Our initial valuation of Wynn was similar to its current market price. However, when we considered the additional factors taking place in Macau as well as the fact that another Wynn casino was anticipated which had the potential to double its gaming positions, the stock’s higher earnings growth potential made it a compelling investment. Since our initial purchase, the stock has done quite well.
How do you build your portfolio?
A: We typically hold between 50 and 70 holdings in the portfolio. Our benchmarks are the Russell 3000 and the S&P 500 indices. Our approach typically represents 8 to 12 themes, and individual stock positions are generally less than 4% or 5% of the portfolio’s total net assets. Also, we limit any sector exposure to 25% of the portfolio’s assets and favor a mix of growth and value stocks. We will, however, limit either style to no more than 70% of the portfolio.
What kind of risks do you focus on and how do you contain them?
A: As a risk-conscious manager, we tend to do very well in down-market periods. Our active risk management techniques have a proven record of principal protection. In fact, over various full market cycles we have been able to provide above-average performance with below-average risk.
In our view, there are different kinds of risks and factors that can cause the market to fall. To protect principal, we use several risk management tools including exchange-traded funds (ETFs), Treasuries or precious metals. Typically, we use broad macro shorts. Precious metals ETFs may also serve as an appropriate hedge. By using ETFs we may be able to maintain a higher beta position, assuming a high conviction level. We offset the corresponding risk by increasing our position in ultra shorts.

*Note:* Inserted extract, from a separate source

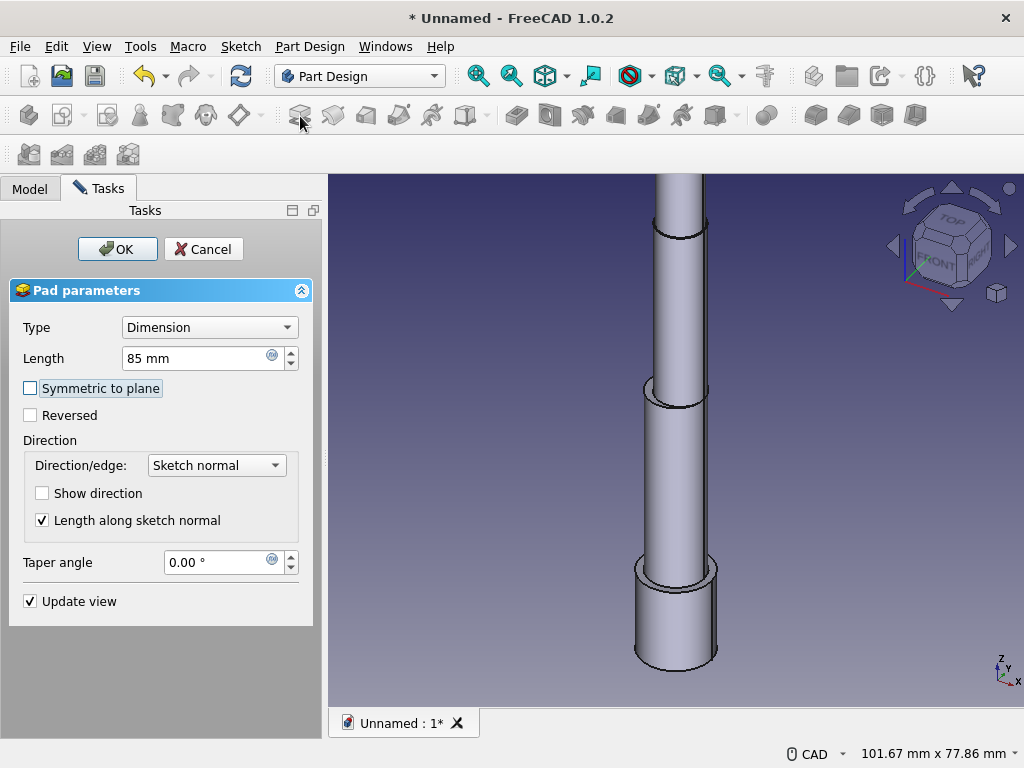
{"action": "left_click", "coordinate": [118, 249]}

We also use zero-coupon Treasury bonds as a hedging tool, which are particularly attractive in “flight-to-quality” situations. Alternatively, we may add to our cash position as another way to reduce overall portfolio risk.
We analyze numerous daily economic data points as well as fixed income spreads, volatility indices and various market indicators to give us a better feel for macro risk levels. At the industry and company level, we are in contact with company management teams, customers and suppliers to gauge potential business risks. Through a proprietary aggregation process, this macro and fundamental risk analysis will dictate the execution of our risk mitigation approach.